Stocks make back some of the post-Fed losses, Dow now down 150 points
U.S. stocks dropped to their session lows on Wednesday after the Federal Reserve raised its inflation expectations and moved up the time frame on when it will hike interest rates next.
The Dow Jones Industrial Average turned sharply lower to fall as much as 382 points and last traded 150 points lower. The S&P 500 fell 0.3% on the day after hitting an all-time high in the previous session. The tech-heavy Nasdaq Composite erased earlier gains and traded flat.
All 11 S&P 500 sectors fell into the red, led to the downside by tech, materials and consumer staples.
The policymaking Federal Open Market Committee indicated that rate hikes could come as soon as 2023, after signaling in March that it saw no increases until at least 2024.
“This is not what the market expected,” said James McCann, Aberdeen Standard Investments’ deputy chief economist. “The Fed is now signaling that rates will need to rise sooner and faster … This change in stance jars a little with the Fed’s recent claims that the recent spike in inflation is temporary.”
Major equity benchmark traded off their lows of the day after Chairman Jerome Powell said in a press conference that the so-called dot-plot projections should be taken with a “big grain of salt” and that the liftoff is “well into the future.”
The central bank gave no indication as to when it will begin cutting back on its aggressive bond-buying program. The Fed has been buying $120 billion worth of bonds each month as the economy continues to recover from the coronavirus pandemic.
The Fed chief said that the central bank with provide “advanced notice” before announcing their move to taper asset purchases.
“You can think of this meeting that we had as the ‘talking about talking about’ meeting,” Powell said. “In coming meetings, the committee will continue to assess the economy’s progress toward our goals. As we have said, we will provide advance notice before announcing any decision to make changes to our purchases.”
The Fed also raised its headline inflation expectation to 3.4% for 2021, a full percentage point higher than the March projection, but the post-meeting statement continued to say that inflation pressures are “transitory.”
The meeting came as inflation heats up, with producer prices rising at their fastest annual rate in nearly 11 years during May, a report on Tuesday showed.

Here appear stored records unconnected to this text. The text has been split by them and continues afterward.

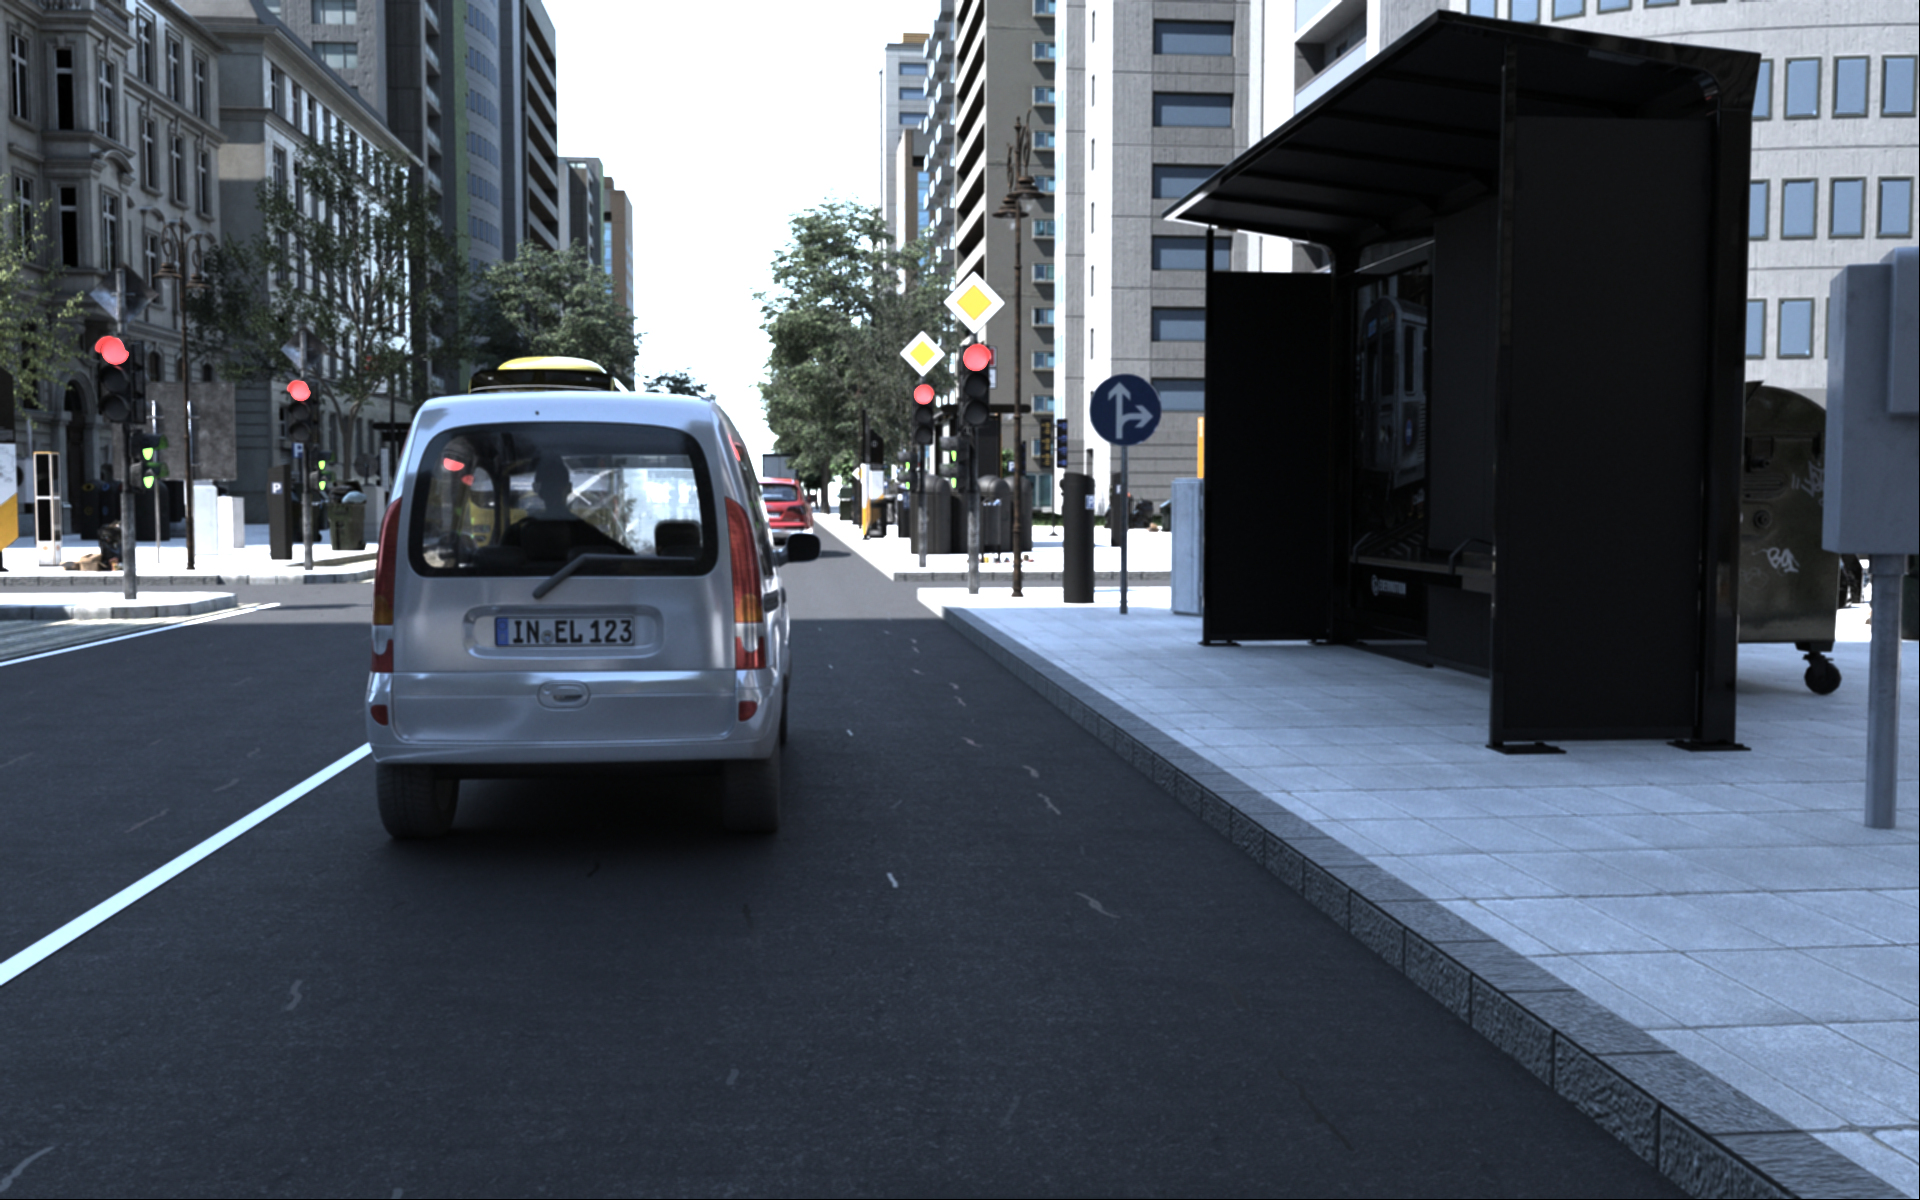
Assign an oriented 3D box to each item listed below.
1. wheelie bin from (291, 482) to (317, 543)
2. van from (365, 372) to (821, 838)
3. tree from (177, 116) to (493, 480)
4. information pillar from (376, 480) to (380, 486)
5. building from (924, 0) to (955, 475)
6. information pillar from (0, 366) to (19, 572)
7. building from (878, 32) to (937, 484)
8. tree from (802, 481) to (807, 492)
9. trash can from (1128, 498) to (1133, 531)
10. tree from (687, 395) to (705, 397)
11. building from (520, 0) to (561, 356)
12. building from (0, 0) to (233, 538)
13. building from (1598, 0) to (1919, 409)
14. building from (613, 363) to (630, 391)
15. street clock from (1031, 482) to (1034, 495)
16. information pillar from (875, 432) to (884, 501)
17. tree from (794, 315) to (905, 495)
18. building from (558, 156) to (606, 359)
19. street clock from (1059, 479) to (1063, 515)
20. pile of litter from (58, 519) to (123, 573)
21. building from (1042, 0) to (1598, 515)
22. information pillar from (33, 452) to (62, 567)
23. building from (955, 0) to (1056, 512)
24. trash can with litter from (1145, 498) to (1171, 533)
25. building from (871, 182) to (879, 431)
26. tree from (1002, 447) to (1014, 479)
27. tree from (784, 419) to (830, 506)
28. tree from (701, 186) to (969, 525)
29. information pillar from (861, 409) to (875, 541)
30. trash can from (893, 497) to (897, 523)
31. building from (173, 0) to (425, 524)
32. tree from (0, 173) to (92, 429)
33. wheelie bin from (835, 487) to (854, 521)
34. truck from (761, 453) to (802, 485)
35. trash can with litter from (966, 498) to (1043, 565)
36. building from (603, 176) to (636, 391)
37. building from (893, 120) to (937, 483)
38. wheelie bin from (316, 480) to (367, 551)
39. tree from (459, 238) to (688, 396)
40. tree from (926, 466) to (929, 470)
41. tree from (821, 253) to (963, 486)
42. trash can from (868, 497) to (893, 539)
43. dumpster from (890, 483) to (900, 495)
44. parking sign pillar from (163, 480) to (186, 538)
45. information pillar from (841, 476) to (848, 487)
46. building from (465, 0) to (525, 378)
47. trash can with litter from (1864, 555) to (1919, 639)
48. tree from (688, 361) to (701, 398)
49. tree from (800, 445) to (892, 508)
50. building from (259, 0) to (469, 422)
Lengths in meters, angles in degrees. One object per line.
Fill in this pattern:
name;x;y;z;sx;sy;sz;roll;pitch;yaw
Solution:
wheelie bin;-17.460;-2.333;46.056;0.693;1.594;0.980;3;4;38
van;-1.698;-0.099;8.638;2.013;2.044;4.112;0;4;-5
tree;-15.746;-6.689;43.781;8.767;10.594;7.601;0;4;-2
information pillar;-29.580;-5.133;88.423;0.304;2.012;0.304;2;4;23
building;8.541;-32.806;155.987;23.786;49.044;30.456;0;4;-6
information pillar;-15.719;-2.260;28.314;0.504;3.616;0.183;-3;5;-42
building;-0.214;-42.035;229.273;21.231;58.520;28.212;0;4;-6
tree;-20.820;-17.341;233.893;4.360;8.622;3.978;0;3;0
trash can;5.577;-2.933;59.608;0.748;1.137;0.748;0;3;0
tree;-30.158;-17.026;195.380;9.611;12.733;9.660;0;3;0
building;-47.619;-32.394;153.343;21.300;48.544;21.600;0;4;-6
building;-33.736;-14.369;54.020;14.460;24.649;34.723;0;4;-6
building;25.022;-31.237;52.724;28.212;58.520;21.231;0;4;-6
building;-57.982;-23.212;224.561;27.650;21.520;28.899;0;4;-6
street clock;4.279;-6.145;105.045;0.358;2.002;0.471;1;4;21
information pillar;-2.964;-4.290;61.492;0.504;3.616;0.183;-1;4;-19
tree;-5.920;-10.554;98.315;9.928;11.665;9.643;0;3;0
building;-49.352;-31.785;203.283;14.154;41.232;14.086;0;4;-6
street clock;4.932;-4.758;82.359;0.358;2.002;0.471;3;4;38
pile of litter;-14.470;-0.920;28.999;1.176;0.858;1.719;-1;4;-14
building;15.389;-33.341;87.117;21.231;58.520;28.212;0;4;-6
information pillar;-16.015;-1.586;30.423;0.304;2.012;0.304;0;4;-2
building;11.292;-30.977;130.168;21.300;48.544;21.600;0;4;-6
trash can with litter;6.734;-2.825;57.577;1.055;1.170;0.624;-1;4;-14
building;-1.765;-38.575;254.409;21.300;48.544;21.600;0;4;-6
tree;2.061;-7.381;104.387;4.285;4.588;4.351;0;3;0
tree;-16.504;-16.361;201.909;7.601;10.594;8.767;-1;4;-16
tree;-4.173;-10.086;71.563;9.857;13.997;8.962;0;3;0
information pillar;-2.592;-3.456;47.855;0.183;3.616;0.504;1;4;14
trash can;-3.065;-3.785;73.546;0.748;1.137;0.748;0;3;0
building;-37.917;-15.492;86.577;16.112;22.955;30.059;0;4;-6
tree;-22.629;-5.507;40.404;4.737;8.622;4.395;0;3;0
wheelie bin;-5.446;-4.560;82.469;0.980;1.594;0.693;0;4;2
truck;-12.836;-8.288;124.414;2.839;4.237;11.283;0;4;-5
trash can with litter;0.903;-1.305;32.387;1.678;1.210;2.233;3;5;39
building;-53.900;-36.502;246.911;14.600;45.320;14.200;0;4;-6
building;-0.223;-34.146;208.395;14.600;45.320;14.200;0;4;-6
wheelie bin;-13.827;-1.907;39.086;0.980;1.594;0.693;1;4;11
tree;-19.794;-10.909;85.015;9.857;13.997;8.962;0;3;0
tree;-0.191;-3.739;55.733;1.663;3.219;1.824;0;3;0
tree;-1.916;-6.224;52.129;4.360;8.622;3.978;0;3;0
trash can;-2.412;-2.356;50.179;0.748;1.137;0.748;0;3;0
dumpster;-3.412;-5.379;93.698;1.264;1.857;1.865;0;4;-6
parking sign pillar;-22.982;-3.837;51.201;1.447;3.967;1.447;1;4;10
information pillar;-6.046;-6.070;90.591;0.504;3.616;0.183;-3;5;-41
building;-45.213;-35.853;128.196;21.231;58.520;28.212;0;4;-6
trash can with litter;8.450;-0.253;15.531;0.624;1.170;1.055;0;4;3
tree;-27.211;-15.820;165.319;9.857;13.997;8.962;0;3;0
tree;-4.944;-6.319;87.033;4.285;4.588;4.351;0;3;0
building;-38.971;-25.966;108.146;14.154;41.232;14.086;0;4;-6
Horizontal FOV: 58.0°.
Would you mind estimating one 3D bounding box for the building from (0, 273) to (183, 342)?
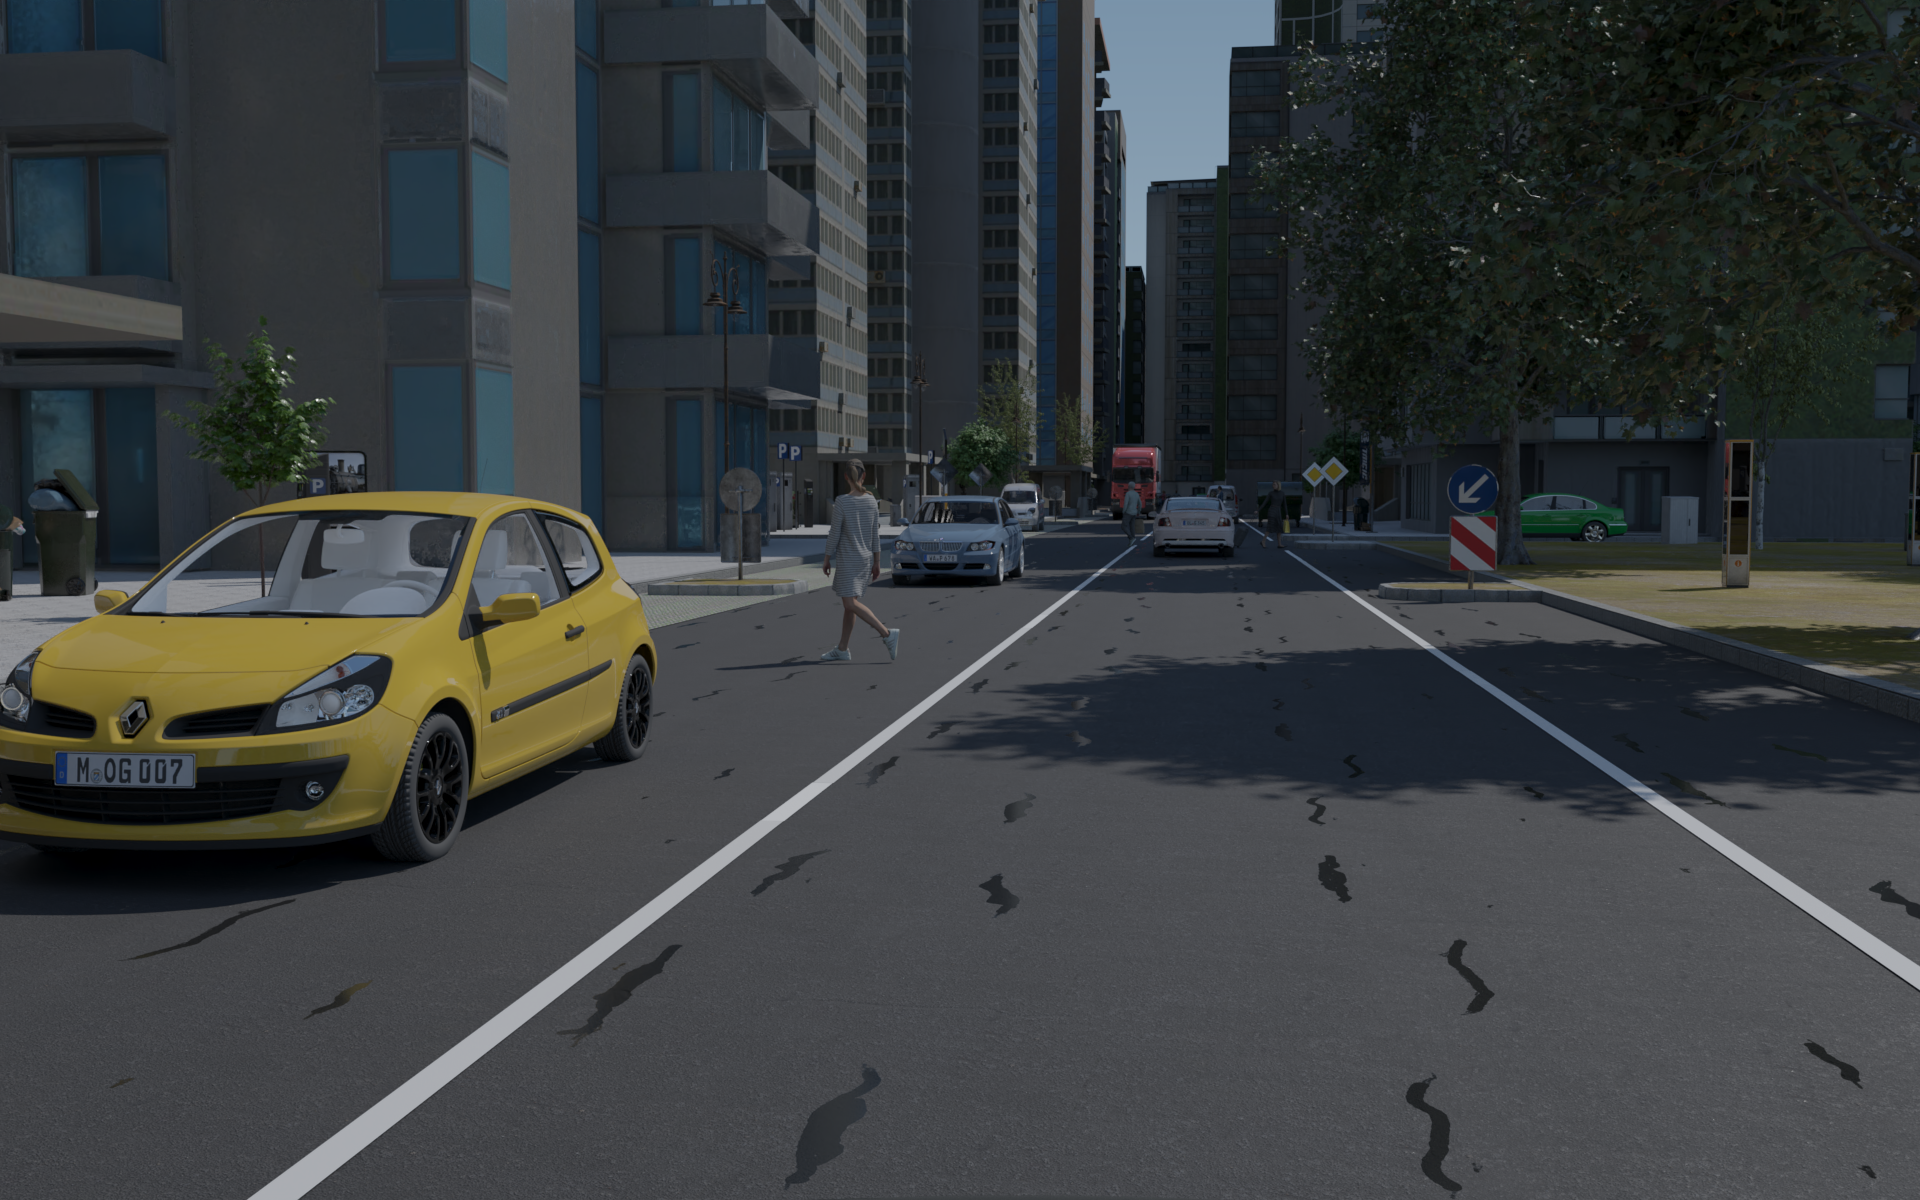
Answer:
[{"bbox_3d":[-22.748,-25.361,3.884,28.713,52.752,27.495,0,4,8],"label":"building"}]

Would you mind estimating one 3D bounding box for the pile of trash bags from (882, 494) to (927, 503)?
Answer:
[{"bbox_3d":[-2.960,-5.296,96.345,3.447,1.369,1.912,-1,4,-19],"label":"pile of trash bags"}]

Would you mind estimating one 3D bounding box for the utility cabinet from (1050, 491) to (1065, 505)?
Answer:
[{"bbox_3d":[7.192,-7.259,127.356,1.173,1.500,0.318,2,4,28],"label":"utility cabinet"}]

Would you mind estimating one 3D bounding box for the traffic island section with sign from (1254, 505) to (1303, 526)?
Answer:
[{"bbox_3d":[14.582,-4.308,79.062,1.989,1.847,2.006,0,4,8],"label":"traffic island section with sign"}]

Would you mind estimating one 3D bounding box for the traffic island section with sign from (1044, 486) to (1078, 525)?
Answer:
[{"bbox_3d":[4.493,-4.405,80.657,1.989,1.847,2.006,0,4,8],"label":"traffic island section with sign"}]

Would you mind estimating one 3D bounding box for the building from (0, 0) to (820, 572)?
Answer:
[{"bbox_3d":[-19.143,-25.610,38.333,30.456,49.044,23.786,0,4,8],"label":"building"}]

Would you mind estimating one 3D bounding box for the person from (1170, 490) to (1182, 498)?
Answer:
[{"bbox_3d":[19.356,-8.949,154.906,1.350,1.814,0.705,0,4,-1],"label":"person"}]

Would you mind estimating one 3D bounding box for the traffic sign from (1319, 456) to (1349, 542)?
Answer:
[{"bbox_3d":[9.951,-2.601,46.167,0.795,2.450,0.064,0,4,8],"label":"traffic sign"}]

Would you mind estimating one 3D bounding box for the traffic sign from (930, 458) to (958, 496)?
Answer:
[{"bbox_3d":[-0.439,-2.691,47.637,0.795,2.450,0.064,0,4,8],"label":"traffic sign"}]

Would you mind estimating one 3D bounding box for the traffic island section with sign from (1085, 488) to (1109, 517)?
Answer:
[{"bbox_3d":[8.272,-6.057,107.654,1.989,1.847,2.006,0,4,8],"label":"traffic island section with sign"}]

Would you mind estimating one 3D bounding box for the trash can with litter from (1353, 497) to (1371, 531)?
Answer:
[{"bbox_3d":[14.003,-2.968,59.906,0.624,1.170,1.055,-1,4,-10],"label":"trash can with litter"}]

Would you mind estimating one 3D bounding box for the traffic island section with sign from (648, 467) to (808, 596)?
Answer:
[{"bbox_3d":[-3.283,-1.011,25.162,1.989,1.847,2.006,0,4,8],"label":"traffic island section with sign"}]

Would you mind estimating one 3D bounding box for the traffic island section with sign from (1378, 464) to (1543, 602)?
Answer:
[{"bbox_3d":[6.863,-0.938,23.966,1.989,1.847,2.006,0,4,8],"label":"traffic island section with sign"}]

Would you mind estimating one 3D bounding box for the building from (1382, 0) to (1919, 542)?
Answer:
[{"bbox_3d":[21.646,-22.820,56.703,14.086,41.232,14.154,0,4,8],"label":"building"}]

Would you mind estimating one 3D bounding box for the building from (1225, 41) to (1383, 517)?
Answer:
[{"bbox_3d":[24.785,-20.987,114.833,14.160,30.474,14.107,0,4,8],"label":"building"}]

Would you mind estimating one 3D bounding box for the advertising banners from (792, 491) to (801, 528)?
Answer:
[{"bbox_3d":[-6.912,-4.239,65.491,2.074,3.025,0.090,2,4,27],"label":"advertising banners"}]

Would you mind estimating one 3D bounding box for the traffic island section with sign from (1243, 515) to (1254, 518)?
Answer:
[{"bbox_3d":[18.395,-5.967,106.187,1.989,1.847,2.006,0,4,8],"label":"traffic island section with sign"}]

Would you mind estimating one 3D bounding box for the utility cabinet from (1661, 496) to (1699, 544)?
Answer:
[{"bbox_3d":[18.654,-2.062,44.871,1.020,1.237,0.306,-2,4,-25],"label":"utility cabinet"}]

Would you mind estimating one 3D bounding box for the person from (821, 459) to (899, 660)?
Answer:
[{"bbox_3d":[-0.853,-0.342,14.835,0.760,1.731,0.466,1,4,18],"label":"person"}]

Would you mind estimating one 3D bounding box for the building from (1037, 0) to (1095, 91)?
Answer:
[{"bbox_3d":[3.267,-29.816,137.607,14.600,45.320,14.200,0,4,8],"label":"building"}]

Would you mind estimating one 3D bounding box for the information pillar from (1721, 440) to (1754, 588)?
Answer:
[{"bbox_3d":[10.638,-1.175,23.706,0.304,2.012,0.304,1,4,12],"label":"information pillar"}]

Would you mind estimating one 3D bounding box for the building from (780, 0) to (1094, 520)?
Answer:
[{"bbox_3d":[-7.939,-25.567,109.896,32.217,40.220,23.993,0,4,8],"label":"building"}]

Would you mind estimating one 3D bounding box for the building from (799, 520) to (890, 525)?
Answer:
[{"bbox_3d":[-17.444,-23.676,78.979,32.217,40.220,23.993,0,4,8],"label":"building"}]

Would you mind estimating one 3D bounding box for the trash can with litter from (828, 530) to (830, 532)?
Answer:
[{"bbox_3d":[-3.645,-2.908,58.607,1.678,1.210,2.233,-1,4,-12],"label":"trash can with litter"}]

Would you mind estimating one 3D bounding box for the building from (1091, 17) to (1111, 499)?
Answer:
[{"bbox_3d":[2.346,-30.877,159.455,22.147,44.769,28.867,0,4,8],"label":"building"}]

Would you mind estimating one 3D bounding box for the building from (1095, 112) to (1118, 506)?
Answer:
[{"bbox_3d":[9.018,-30.436,181.225,14.154,41.232,14.086,0,4,8],"label":"building"}]

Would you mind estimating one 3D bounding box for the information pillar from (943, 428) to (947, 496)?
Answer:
[{"bbox_3d":[-0.536,-4.288,61.461,0.183,3.616,0.504,-1,4,-10],"label":"information pillar"}]

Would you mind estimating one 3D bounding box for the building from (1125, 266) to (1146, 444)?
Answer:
[{"bbox_3d":[16.474,-27.455,220.596,14.107,30.474,14.160,0,4,8],"label":"building"}]

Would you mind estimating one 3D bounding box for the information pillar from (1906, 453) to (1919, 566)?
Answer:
[{"bbox_3d":[17.042,-1.606,30.749,0.304,2.012,0.304,1,4,14],"label":"information pillar"}]

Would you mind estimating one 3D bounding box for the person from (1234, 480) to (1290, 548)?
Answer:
[{"bbox_3d":[7.996,-2.275,45.906,1.509,1.804,0.699,2,4,29],"label":"person"}]

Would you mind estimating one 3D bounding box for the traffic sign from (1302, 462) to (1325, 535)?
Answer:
[{"bbox_3d":[11.059,-3.085,54.075,0.795,2.450,0.064,0,4,8],"label":"traffic sign"}]

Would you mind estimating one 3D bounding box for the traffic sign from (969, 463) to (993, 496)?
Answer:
[{"bbox_3d":[0.669,-3.175,55.546,0.795,2.450,0.064,0,4,8],"label":"traffic sign"}]

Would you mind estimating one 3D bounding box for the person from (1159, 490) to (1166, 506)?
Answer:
[{"bbox_3d":[17.265,-8.465,147.625,0.721,1.743,1.217,-1,4,-22],"label":"person"}]

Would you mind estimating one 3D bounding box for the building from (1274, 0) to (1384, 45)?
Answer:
[{"bbox_3d":[42.913,-46.017,190.623,20.563,71.187,20.611,0,4,8],"label":"building"}]

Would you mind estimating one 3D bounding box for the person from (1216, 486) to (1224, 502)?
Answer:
[{"bbox_3d":[12.184,-4.422,80.830,0.654,1.822,0.581,1,4,9],"label":"person"}]

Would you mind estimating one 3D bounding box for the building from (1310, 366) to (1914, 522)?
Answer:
[{"bbox_3d":[34.388,-24.092,85.788,32.217,40.220,23.993,0,4,8],"label":"building"}]

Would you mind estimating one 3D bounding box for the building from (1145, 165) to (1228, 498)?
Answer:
[{"bbox_3d":[30.430,-32.703,218.290,14.086,41.232,14.154,0,4,8],"label":"building"}]

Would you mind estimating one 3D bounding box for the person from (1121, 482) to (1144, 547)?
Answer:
[{"bbox_3d":[4.762,-2.350,47.401,0.515,1.767,0.782,3,5,44],"label":"person"}]

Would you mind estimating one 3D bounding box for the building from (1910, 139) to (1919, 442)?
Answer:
[{"bbox_3d":[51.477,-28.902,61.781,27.495,52.752,28.713,0,4,8],"label":"building"}]

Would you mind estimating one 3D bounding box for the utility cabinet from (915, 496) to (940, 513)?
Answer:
[{"bbox_3d":[-1.199,-3.353,65.979,1.020,1.237,0.306,0,4,3],"label":"utility cabinet"}]

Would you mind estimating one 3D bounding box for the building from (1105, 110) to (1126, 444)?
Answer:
[{"bbox_3d":[11.577,-33.579,199.124,14.200,45.320,14.600,0,4,8],"label":"building"}]

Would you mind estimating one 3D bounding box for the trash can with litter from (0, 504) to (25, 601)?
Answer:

Powell said inflation could run hotter than the Fed expected amid the economic recovery.
“As the reopening continues, shifts in demand can be large and rapid and bottlenecks, hiring difficulties and other constraints could continue to limit how quickly supply can adjust, raising the possibility that inflation could turn out to be higher and more persistent than we expect,” Powell said during the press conference.
Economic reopening plays provided the broader market with some support. Royal Caribbean and Carnival both climbed 2% after an upgrade from Wolfe Research.
On Wednesday, China said it will release industrial metals including copper, aluminum and zinc from its national reserves to curb commodity prices. Copper price has fallen more than 10% from its record high, dipping into correction territory on Tuesday.
— CNBC’s Jeff Cox contributed reporting.